# Activity:
Lines below containing the word "Lengths" should be copied out.

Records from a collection

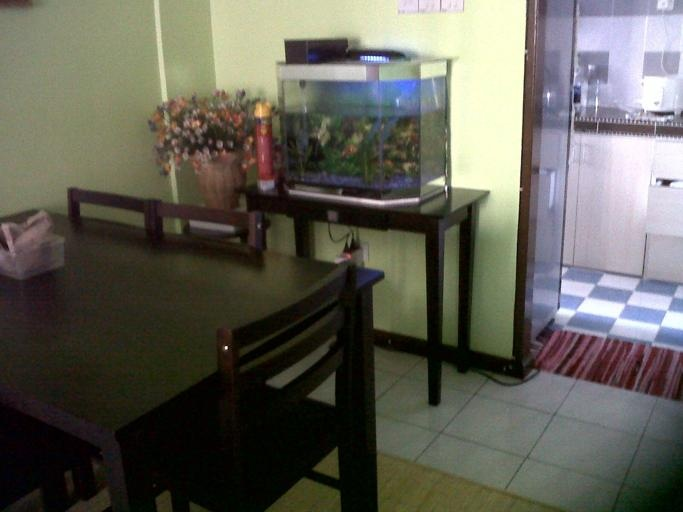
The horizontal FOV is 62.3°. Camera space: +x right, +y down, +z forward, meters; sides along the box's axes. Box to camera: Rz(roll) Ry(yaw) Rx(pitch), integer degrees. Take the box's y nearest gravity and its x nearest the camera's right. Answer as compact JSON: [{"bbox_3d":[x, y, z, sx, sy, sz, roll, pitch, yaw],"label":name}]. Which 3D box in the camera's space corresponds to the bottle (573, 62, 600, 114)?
[{"bbox_3d":[1.583,-1.095,3.636,0.154,0.300,0.082,7,22,25],"label":"bottle"}]

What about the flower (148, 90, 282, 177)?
[{"bbox_3d":[-0.663,-0.611,2.851,0.473,0.384,0.345,2,21,15],"label":"flower"}]
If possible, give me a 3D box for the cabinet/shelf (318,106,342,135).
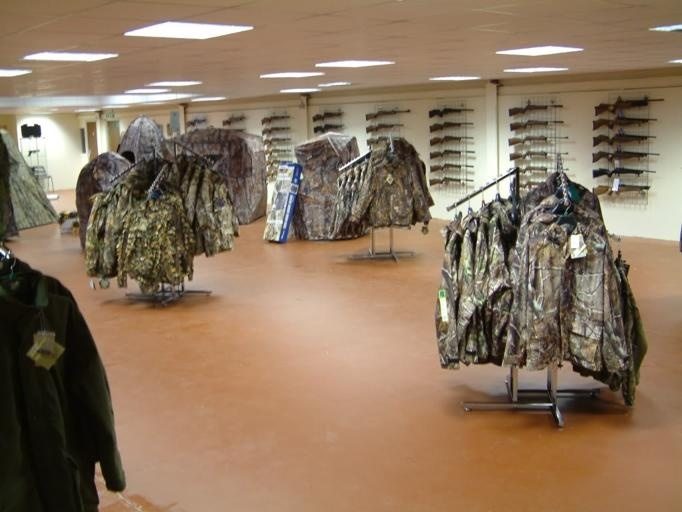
[{"bbox_3d":[-0.411,-3.960,14.066,0.383,0.659,1.039,-13,16,-41],"label":"cabinet/shelf"}]

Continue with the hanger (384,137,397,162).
[{"bbox_3d":[0.831,-1.837,8.206,0.170,0.367,0.476,-1,13,5],"label":"hanger"}]

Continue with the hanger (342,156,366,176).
[{"bbox_3d":[0.190,-1.656,8.730,0.534,0.303,0.391,0,13,11],"label":"hanger"}]

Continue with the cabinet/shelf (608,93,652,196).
[{"bbox_3d":[5.591,-2.135,9.383,0.749,1.896,0.519,5,13,33],"label":"cabinet/shelf"}]

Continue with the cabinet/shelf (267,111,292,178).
[{"bbox_3d":[-2.078,-3.682,15.858,0.833,1.771,0.925,-6,12,-34],"label":"cabinet/shelf"}]
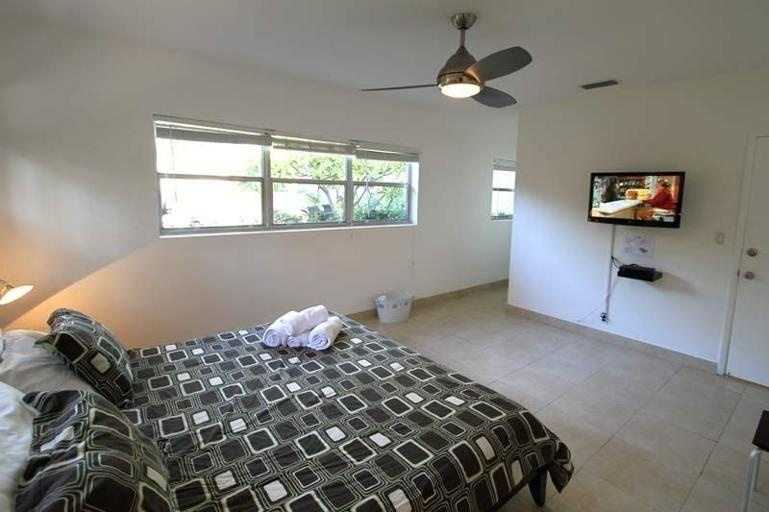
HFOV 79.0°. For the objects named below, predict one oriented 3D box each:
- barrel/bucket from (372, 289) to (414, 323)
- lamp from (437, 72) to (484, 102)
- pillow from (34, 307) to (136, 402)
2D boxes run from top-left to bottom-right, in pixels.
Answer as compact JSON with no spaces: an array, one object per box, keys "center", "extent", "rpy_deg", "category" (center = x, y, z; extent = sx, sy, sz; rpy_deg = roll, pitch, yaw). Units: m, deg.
[{"center":[0.105,0.636,6.034],"extent":[0.452,0.268,0.354],"rpy_deg":[-4,6,-10],"category":"barrel/bucket"},{"center":[0.655,-1.401,3.951],"extent":[0.336,0.156,0.657],"rpy_deg":[3,11,13],"category":"lamp"},{"center":[-2.114,0.710,3.391],"extent":[0.195,0.655,0.614],"rpy_deg":[-35,26,0],"category":"pillow"}]
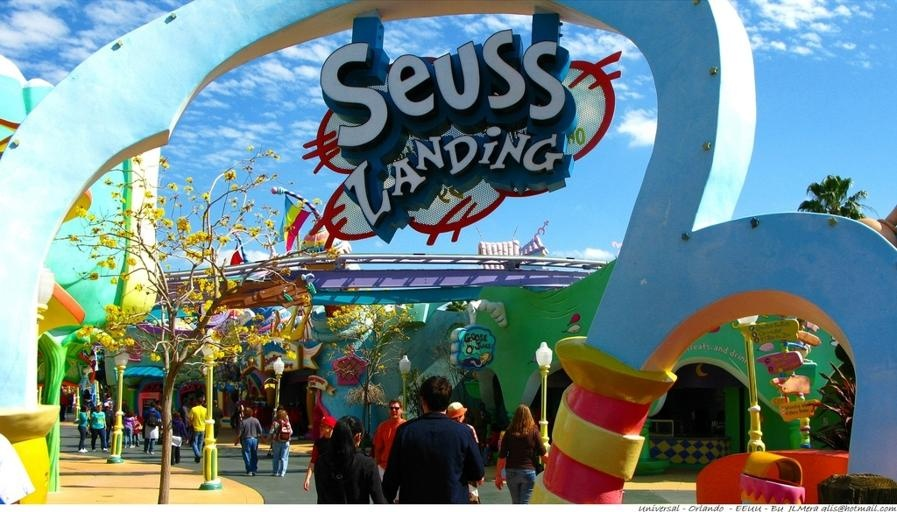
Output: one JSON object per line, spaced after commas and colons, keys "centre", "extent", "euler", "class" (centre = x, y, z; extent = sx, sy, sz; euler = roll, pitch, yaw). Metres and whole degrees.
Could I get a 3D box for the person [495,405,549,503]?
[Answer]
{"centre": [1.173, 3.223, 10.785], "extent": [0.719, 1.544, 0.382], "euler": [4, -12, 4], "class": "person"}
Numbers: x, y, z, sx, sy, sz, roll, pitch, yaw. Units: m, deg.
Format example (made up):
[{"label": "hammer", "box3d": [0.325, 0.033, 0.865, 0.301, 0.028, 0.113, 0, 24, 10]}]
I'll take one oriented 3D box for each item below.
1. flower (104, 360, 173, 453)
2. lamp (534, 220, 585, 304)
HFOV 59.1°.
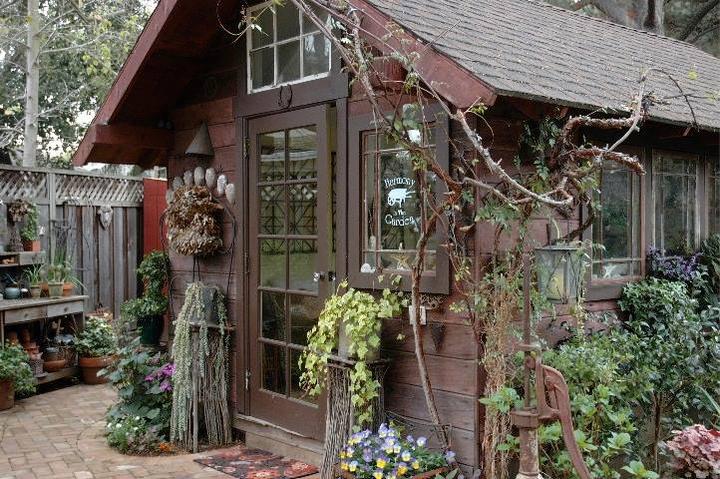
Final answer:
[{"label": "flower", "box3d": [-2.481, 1.900, 7.229, 0.803, 0.902, 0.574, 0, -5, 6]}, {"label": "lamp", "box3d": [1.777, 0.214, 5.612, 0.441, 0.642, 0.598, 1, 1, 26]}]
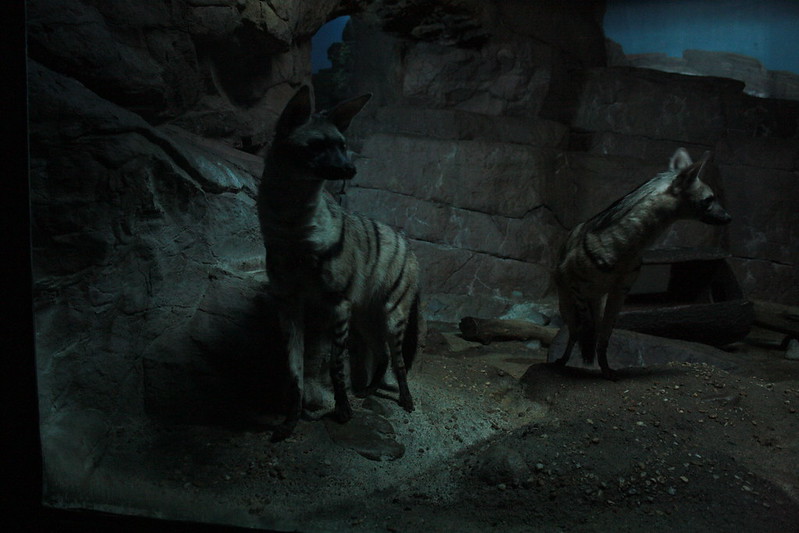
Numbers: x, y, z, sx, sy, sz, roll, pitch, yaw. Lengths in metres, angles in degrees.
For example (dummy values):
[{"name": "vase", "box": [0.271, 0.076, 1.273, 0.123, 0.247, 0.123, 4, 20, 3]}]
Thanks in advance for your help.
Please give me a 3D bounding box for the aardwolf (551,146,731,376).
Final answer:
[{"name": "aardwolf", "box": [1.565, -0.180, 5.962, 0.546, 1.350, 2.458, 7, -4, -44]}]
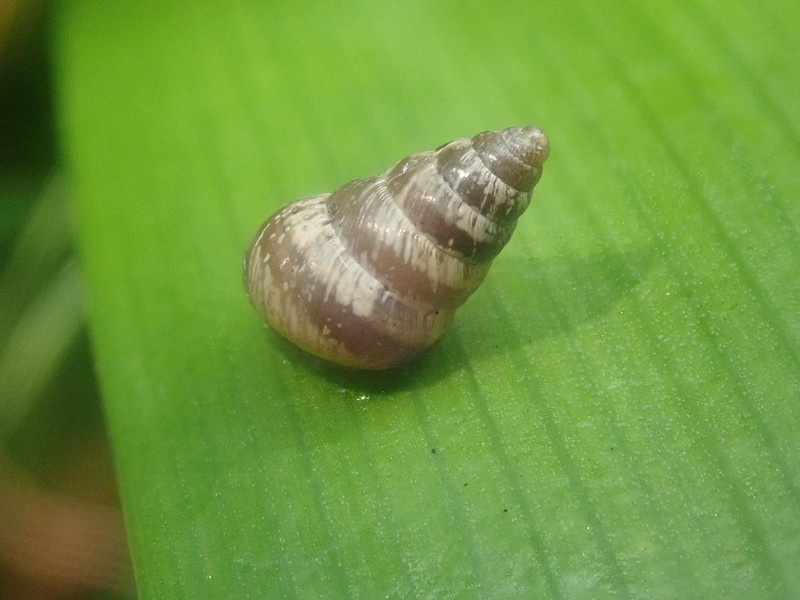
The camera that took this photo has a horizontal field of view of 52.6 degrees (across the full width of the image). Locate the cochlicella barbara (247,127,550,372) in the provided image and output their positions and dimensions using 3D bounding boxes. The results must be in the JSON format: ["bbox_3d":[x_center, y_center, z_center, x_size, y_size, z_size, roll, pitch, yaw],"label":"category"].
[{"bbox_3d":[-0.001,-0.059,1.141,0.455,0.207,0.217,-12,55,6],"label":"cochlicella barbara"}]
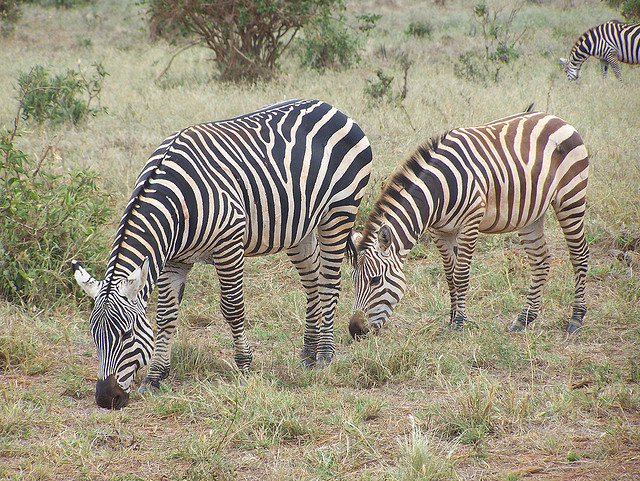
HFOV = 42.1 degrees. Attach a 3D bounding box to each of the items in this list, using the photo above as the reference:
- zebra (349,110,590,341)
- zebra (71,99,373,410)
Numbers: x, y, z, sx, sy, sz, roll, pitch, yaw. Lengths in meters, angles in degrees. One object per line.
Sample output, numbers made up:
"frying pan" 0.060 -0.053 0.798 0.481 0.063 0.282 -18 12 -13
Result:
"zebra" 1.706 -0.089 9.121 2.988 2.453 0.904 -7 9 -26
"zebra" -0.814 0.179 8.040 3.034 2.488 0.955 -18 26 -30
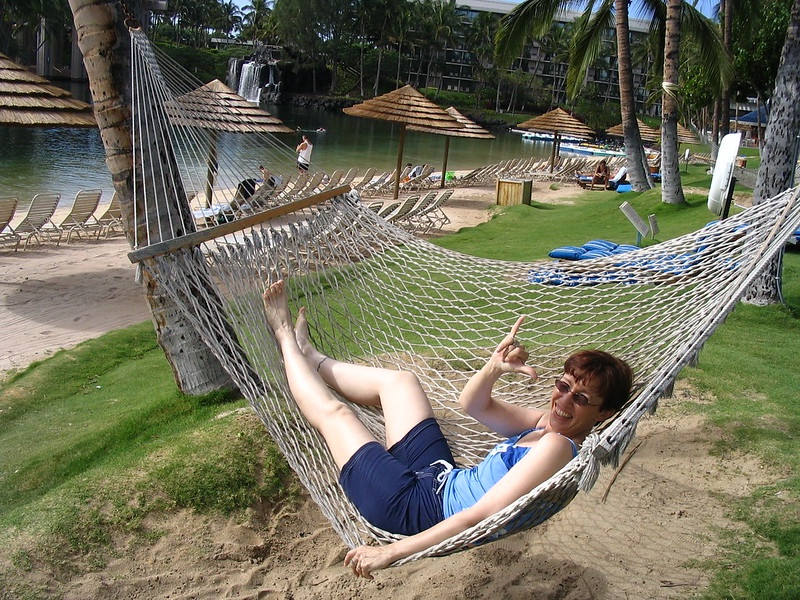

# Worked solution:
Numbers: x, y, z, sx, sy, sz, roll, pitch, yaw. Lengths in metres, angles in degrees.
Numbers: x, y, z, sx, sy, sz, roll, pitch, yaw. Lengths in meters, angles in degrees. One object per line.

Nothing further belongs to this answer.